All of that would clearly show that this was a jointly owned business. Furthermore it is confirmed in e-mail messages between the Plaintiff and the defendant, as follows:


E-mail Plaintiff to Defendant on 1st Novemer 2006:


"I will leave the money in the chopping block and the balance in the till. Did you come take the deposit book from the bar by chance? I am not able to locate it as of yesterday. Mathew is meeting with Koli today and will get a copy of the power of attorney. Mathew is also dropping off a copy of the sale agreement that his lawyer has sent to him. Also do you just want of split the lot payments, I pay one and you the other to Robert of the months? I plan to go to work in the morning and do the shopping and payroll. I will be out of there by 10 a.m. The bar rent has been paid for this month with the land payments.


I will check e-mail tomorrow before I go if there is anything else. Thank you for everything."


The Defendant replied the next day:


"I didn't take the deposit book, I haven't been in the bar for over a week.


The only thing I need is your account information for the deposit. It will be written into the sale agreement, so if you can, get the routing and account numbers."


This is the clearest evidence and acknowledgement that this was a jointly owned and jointly run business between husband and wife and that the Defendant had agreed to pay the Plaintiff her share of the business.


In an e-mail of the 20th February 2008 the defendant refers to their mutual assets and "I'll keep you informed of the assets and your money".


What then happened was that the Plaintiff left for the U.S. having been told that she would receive her share of US$55,000 from the sale of the business to Mr Mulligan. But again, the defendant changed his mind upon his realisation that the marriage was finished and he refused to pay the Plaintiff anything. He told Mr Mulligan that the Plaintiff was no longer involved in the business and Mr Mulligan then instructed his lawyer to draw up a new sale and purchase agreement between the Defendant and Mr Mulligan's company. In pursuance of that agreement payment of US$130,000 was made to the defendant.


The Defendant had admitted in evidence that he had agreed to give half of the proceeds of sale (after repaying the US$20,000 to his father) of the business to the Plaintiff but that he subsequently changed his mind.


I think the evidence is overwhelming that the Plaintiff and the Defendant operated the cafe/bar business as their joint business. As submitted, they had joint weekly drawings of $300; they did not pay PAYE income tax in that drawing; they both managed the business-buying stock and paying bills, banking etc.; the Plaintiff worked long hours and on days even weeks on end. I am satisfied that she was largely responsible for the success and worth of the business which she knew and understood was her business as well. I accept the evidence that both the Defendant and Plaintiff referred to the business as theirs.

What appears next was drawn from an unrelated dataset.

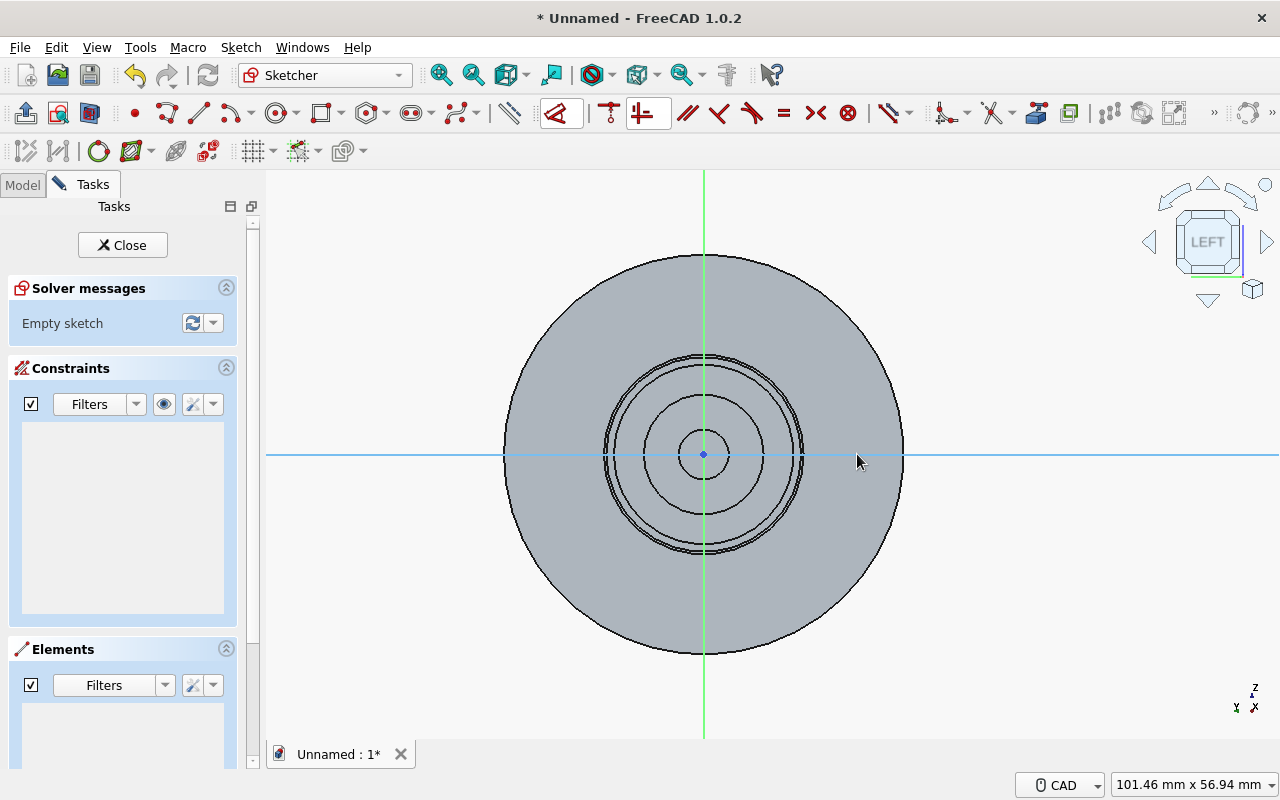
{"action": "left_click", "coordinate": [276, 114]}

I am satisfied on the evidence that the Defendant did know very well that the Plaintiff was a joint owner of the business with him but he has refused to pay her due to his belief that she has forfeited her share of the proceeds because of his belief that she had been an unfaithful wife.

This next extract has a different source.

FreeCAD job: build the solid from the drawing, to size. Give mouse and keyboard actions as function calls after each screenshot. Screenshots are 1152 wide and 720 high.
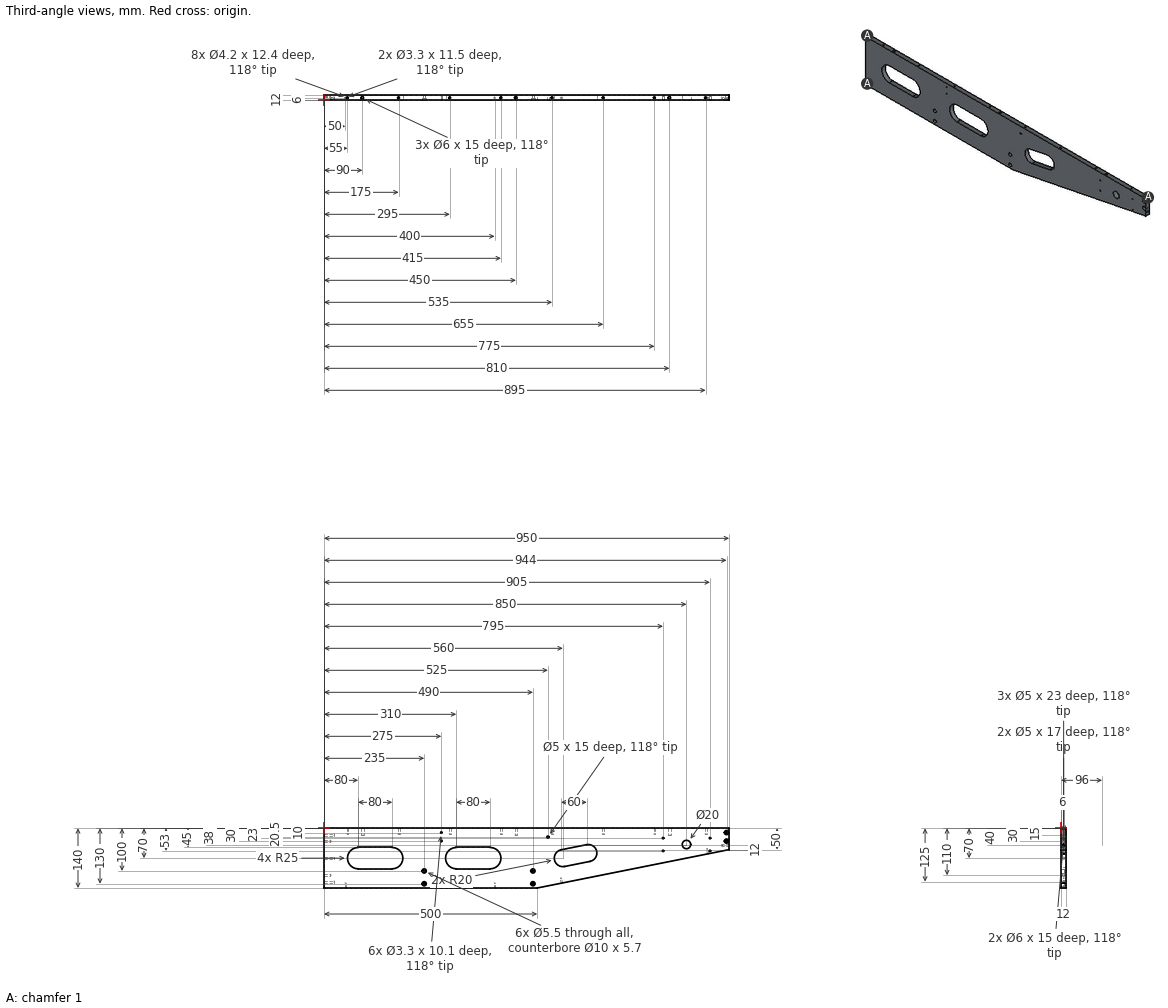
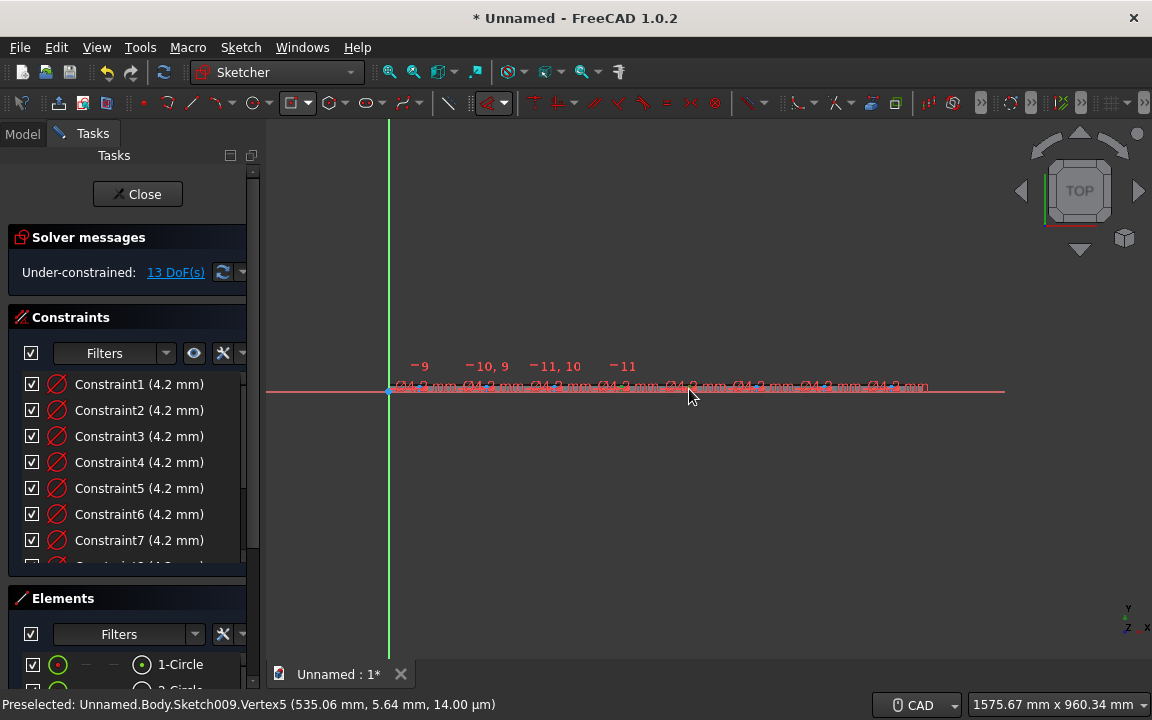
key(h)

Again, s 15 of the Divorce Act provides:


"15. Whenever a decree for divorce is pronounced each of the parties to the marriage so dissolved shall retain his own property."


I am satisfied that the business "Tongan Bobs" was jointly owned by the Plaintiff and the Defendant from the beginning to the end and that they are both entitled to the proceeds of the sale on a 50/50 basis.


For all of the above reasons I give judgment to the Plaintiff in the sum of U.S.$55,000 for the business, plus interest at 10% per annum on that sum from the 1st December 2006 until payment of the same and in the sum of U.S.$60,000 for the matrimonial home plus interest at 10% per annum on that sum as from the date of the Statement of Claim being 24th April 2008 until payment of the same.


Costs are awarded to the Plaintiff as agreed or taxed.